* _Task objective_
Go to the line in the entries below that holds "- car [1583,565,1682,642]" and repeat exactly from there through the line that holds "- pedestrian [1284,516,1384,720]", inclusive.

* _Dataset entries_

+ + + +

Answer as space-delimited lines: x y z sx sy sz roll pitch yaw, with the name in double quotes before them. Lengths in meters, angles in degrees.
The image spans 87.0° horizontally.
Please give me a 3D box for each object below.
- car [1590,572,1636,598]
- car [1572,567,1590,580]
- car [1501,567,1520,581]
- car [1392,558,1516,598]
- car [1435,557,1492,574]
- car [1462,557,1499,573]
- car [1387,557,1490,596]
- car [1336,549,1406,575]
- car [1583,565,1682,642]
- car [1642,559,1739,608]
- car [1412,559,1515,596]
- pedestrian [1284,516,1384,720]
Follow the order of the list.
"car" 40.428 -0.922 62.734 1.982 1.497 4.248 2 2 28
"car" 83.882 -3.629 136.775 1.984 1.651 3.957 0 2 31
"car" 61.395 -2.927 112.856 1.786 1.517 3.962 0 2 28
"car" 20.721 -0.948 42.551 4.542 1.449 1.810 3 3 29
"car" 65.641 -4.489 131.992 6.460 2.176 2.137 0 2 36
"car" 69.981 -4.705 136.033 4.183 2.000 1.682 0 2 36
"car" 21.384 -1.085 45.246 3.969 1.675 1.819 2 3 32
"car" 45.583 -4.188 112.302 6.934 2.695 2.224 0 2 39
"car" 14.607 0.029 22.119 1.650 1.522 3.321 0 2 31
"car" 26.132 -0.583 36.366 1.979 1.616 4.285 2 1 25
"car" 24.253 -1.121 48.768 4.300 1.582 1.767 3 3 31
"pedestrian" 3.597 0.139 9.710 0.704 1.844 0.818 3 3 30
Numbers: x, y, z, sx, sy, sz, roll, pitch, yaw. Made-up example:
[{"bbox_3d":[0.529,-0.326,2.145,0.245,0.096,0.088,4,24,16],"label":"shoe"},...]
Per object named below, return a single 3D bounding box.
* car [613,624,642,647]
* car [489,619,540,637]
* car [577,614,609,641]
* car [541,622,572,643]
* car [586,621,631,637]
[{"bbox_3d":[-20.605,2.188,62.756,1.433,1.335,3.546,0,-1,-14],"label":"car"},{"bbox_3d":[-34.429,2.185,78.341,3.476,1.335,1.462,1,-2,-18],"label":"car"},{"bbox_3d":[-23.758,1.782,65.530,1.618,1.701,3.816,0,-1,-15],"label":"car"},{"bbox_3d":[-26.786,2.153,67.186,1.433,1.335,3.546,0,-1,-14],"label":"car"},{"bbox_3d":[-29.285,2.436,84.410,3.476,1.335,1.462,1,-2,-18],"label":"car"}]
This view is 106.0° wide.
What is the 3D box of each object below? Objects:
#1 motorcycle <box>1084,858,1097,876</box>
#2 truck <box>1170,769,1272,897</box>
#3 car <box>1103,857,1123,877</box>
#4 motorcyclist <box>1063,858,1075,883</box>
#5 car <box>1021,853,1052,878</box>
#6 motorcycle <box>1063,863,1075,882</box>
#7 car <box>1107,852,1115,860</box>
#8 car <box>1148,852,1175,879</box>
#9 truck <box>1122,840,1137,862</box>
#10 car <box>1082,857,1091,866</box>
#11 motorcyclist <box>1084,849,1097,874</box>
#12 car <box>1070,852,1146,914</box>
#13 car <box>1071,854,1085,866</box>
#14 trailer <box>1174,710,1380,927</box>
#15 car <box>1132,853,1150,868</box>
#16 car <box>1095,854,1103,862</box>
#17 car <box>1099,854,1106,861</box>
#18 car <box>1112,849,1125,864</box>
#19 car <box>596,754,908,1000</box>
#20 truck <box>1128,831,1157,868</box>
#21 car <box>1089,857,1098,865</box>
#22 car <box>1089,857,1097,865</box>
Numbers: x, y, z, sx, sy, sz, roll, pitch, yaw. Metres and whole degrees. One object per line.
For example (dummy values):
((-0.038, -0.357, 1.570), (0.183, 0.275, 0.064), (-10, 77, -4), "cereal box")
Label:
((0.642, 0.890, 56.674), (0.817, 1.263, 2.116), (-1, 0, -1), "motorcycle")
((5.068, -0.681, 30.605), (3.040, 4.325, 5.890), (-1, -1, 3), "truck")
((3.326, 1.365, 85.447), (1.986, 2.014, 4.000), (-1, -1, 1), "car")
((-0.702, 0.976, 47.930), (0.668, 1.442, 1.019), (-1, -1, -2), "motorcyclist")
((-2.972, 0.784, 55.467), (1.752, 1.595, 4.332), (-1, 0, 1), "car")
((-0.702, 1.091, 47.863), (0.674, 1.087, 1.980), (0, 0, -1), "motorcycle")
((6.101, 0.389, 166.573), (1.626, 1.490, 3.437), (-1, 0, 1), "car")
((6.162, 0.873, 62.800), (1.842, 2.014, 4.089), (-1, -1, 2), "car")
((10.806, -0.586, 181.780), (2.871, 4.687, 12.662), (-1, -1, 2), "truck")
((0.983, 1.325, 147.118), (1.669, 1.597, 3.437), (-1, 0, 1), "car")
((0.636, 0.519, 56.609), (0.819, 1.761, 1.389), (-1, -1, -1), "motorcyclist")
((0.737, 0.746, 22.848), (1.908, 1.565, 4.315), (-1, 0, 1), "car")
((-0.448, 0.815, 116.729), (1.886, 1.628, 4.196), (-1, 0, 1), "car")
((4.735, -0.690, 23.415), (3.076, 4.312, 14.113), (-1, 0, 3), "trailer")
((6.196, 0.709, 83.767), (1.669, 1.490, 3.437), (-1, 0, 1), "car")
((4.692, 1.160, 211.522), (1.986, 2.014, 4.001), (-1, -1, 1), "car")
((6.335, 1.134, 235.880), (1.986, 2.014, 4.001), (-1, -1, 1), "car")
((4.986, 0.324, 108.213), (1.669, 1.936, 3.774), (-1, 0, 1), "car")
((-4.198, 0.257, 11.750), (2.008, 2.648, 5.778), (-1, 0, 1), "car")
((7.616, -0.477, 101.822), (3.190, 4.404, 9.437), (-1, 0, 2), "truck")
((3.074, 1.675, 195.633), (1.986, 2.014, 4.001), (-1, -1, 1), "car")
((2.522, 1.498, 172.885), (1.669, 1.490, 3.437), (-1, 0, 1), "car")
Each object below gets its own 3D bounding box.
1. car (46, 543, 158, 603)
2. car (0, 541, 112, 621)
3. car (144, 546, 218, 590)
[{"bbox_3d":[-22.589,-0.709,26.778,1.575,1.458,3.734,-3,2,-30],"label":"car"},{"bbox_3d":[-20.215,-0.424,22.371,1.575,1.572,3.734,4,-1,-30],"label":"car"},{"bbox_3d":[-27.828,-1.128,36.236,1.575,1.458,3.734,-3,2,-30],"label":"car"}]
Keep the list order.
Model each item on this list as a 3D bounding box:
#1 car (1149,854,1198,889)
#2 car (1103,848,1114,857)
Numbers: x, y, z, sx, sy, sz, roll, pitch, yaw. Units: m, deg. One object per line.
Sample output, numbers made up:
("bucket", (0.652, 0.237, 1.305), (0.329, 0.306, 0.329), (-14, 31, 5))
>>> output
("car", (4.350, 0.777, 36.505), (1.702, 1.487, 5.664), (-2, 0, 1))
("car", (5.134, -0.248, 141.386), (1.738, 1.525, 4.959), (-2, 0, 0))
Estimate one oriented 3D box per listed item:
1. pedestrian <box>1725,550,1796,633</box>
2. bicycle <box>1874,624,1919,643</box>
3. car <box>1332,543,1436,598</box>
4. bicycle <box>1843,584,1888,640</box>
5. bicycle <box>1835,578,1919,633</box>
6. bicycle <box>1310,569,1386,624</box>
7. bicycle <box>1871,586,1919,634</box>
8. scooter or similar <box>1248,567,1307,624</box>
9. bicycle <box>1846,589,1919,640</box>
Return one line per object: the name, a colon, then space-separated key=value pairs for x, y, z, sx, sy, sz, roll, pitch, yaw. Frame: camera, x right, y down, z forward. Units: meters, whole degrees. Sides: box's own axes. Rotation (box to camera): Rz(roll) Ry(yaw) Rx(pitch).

+ + + +

* _Solution for this exercise_
- car [1583,565,1682,642]
- car [1642,559,1739,608]
- car [1412,559,1515,596]
- pedestrian [1284,516,1384,720]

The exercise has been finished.